Trump mantuvo ayer una conversación telefónica con el presidente chino Xi Jinping y acordaron con mantener las presiones.

“Los dos líderes saludaron la perspectiva de un diálogo entre Estados Unidos y Corea del Norte, y se comprometieron a mantener la presión y las sanciones” hasta que el gobierno de Pyongyang avance hacia una desnuclearización “completa, verificable e irreversible”.

Esta posición es compartida por uno de los principales aliados asiáticos de Washington, el gobierno de Japón, que también defendió la manutención de la política de presión sobre Pyongyang.
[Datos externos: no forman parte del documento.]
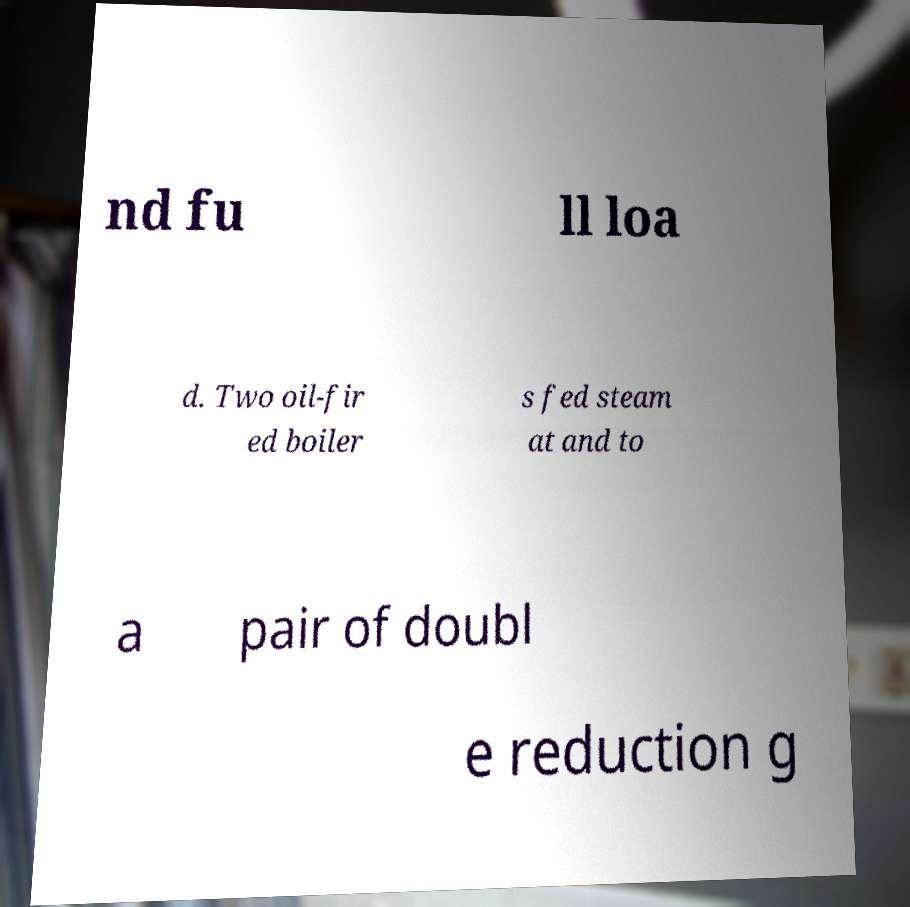Can you read and provide the text displayed in the image?This photo seems to have some interesting text. Can you extract and type it out for me? nd fu ll loa d. Two oil-fir ed boiler s fed steam at and to a pair of doubl e reduction g 
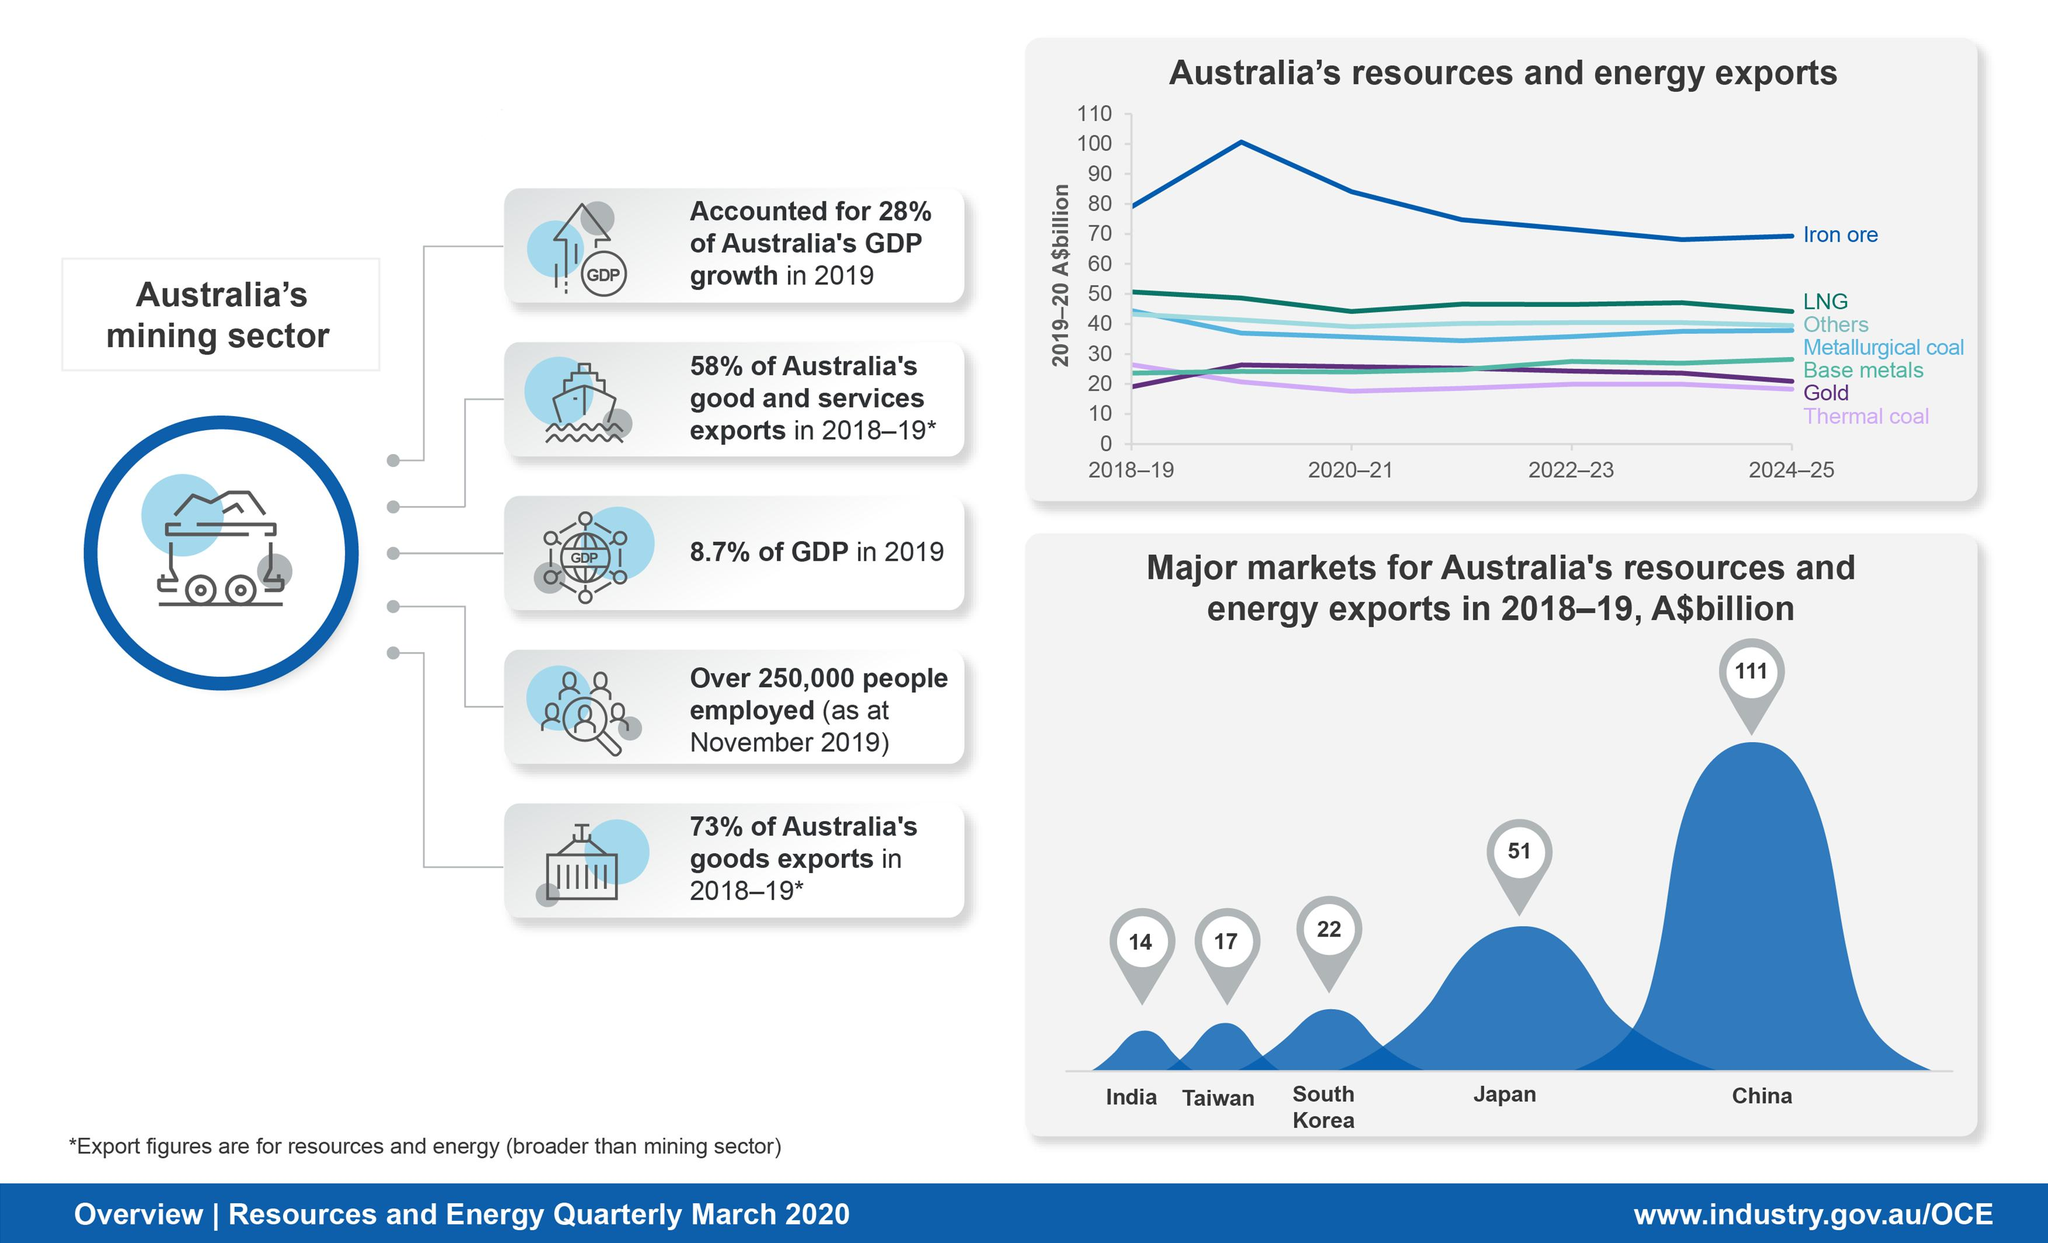Identify some key points in this picture. In 2019, the mining sector in Australia contributed 8.7% of the country's Gross Domestic Product (GDP), which is a significant percentage that highlights the importance of the mining industry to the country's economy. In 2018-2019, the mining sector accounted for 73% of Australia's total goods exports. Australia's resources and energy were heavily imported by China in 2018-2019, making it the top importer of these commodities from Australia. In 2018-19, the value of Australia's resources and energy exports to Taiwan was approximately 17 billion Australian dollars. Australia's resources and energy exports to Japan in 2018-19 were valued at approximately 51 billion Australian dollars. 
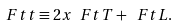<formula> <loc_0><loc_0><loc_500><loc_500>\ F t t \equiv 2 x \ F t T + \ F t L .</formula>

En un mensaje por televisión, el primer ministro surcoreano Shinzo Abe dijo que apreciaba “enormemente” el cambio de retórica por parte de Corea del Norte con relación a una desnuclearización, pero mantuvo la cautela.

“No hay un cambio en la política para Japón y Estados Unidos”, afirmó. “Vamos a seguir ejerciendo una presión máxima hasta que Corea del Norte tome acciones concretas hacia una desnuclearización de una forma que sea perfecta, verificable e irreversible”, dijo.

Para la Casa Blanca, la campaña de “presión máxima” incluyó también insistir ante China, un aliado de Corea del Norte, a asumir un papel más activo para convencer a Pyongyang a abandonar su programa de armas nucleares.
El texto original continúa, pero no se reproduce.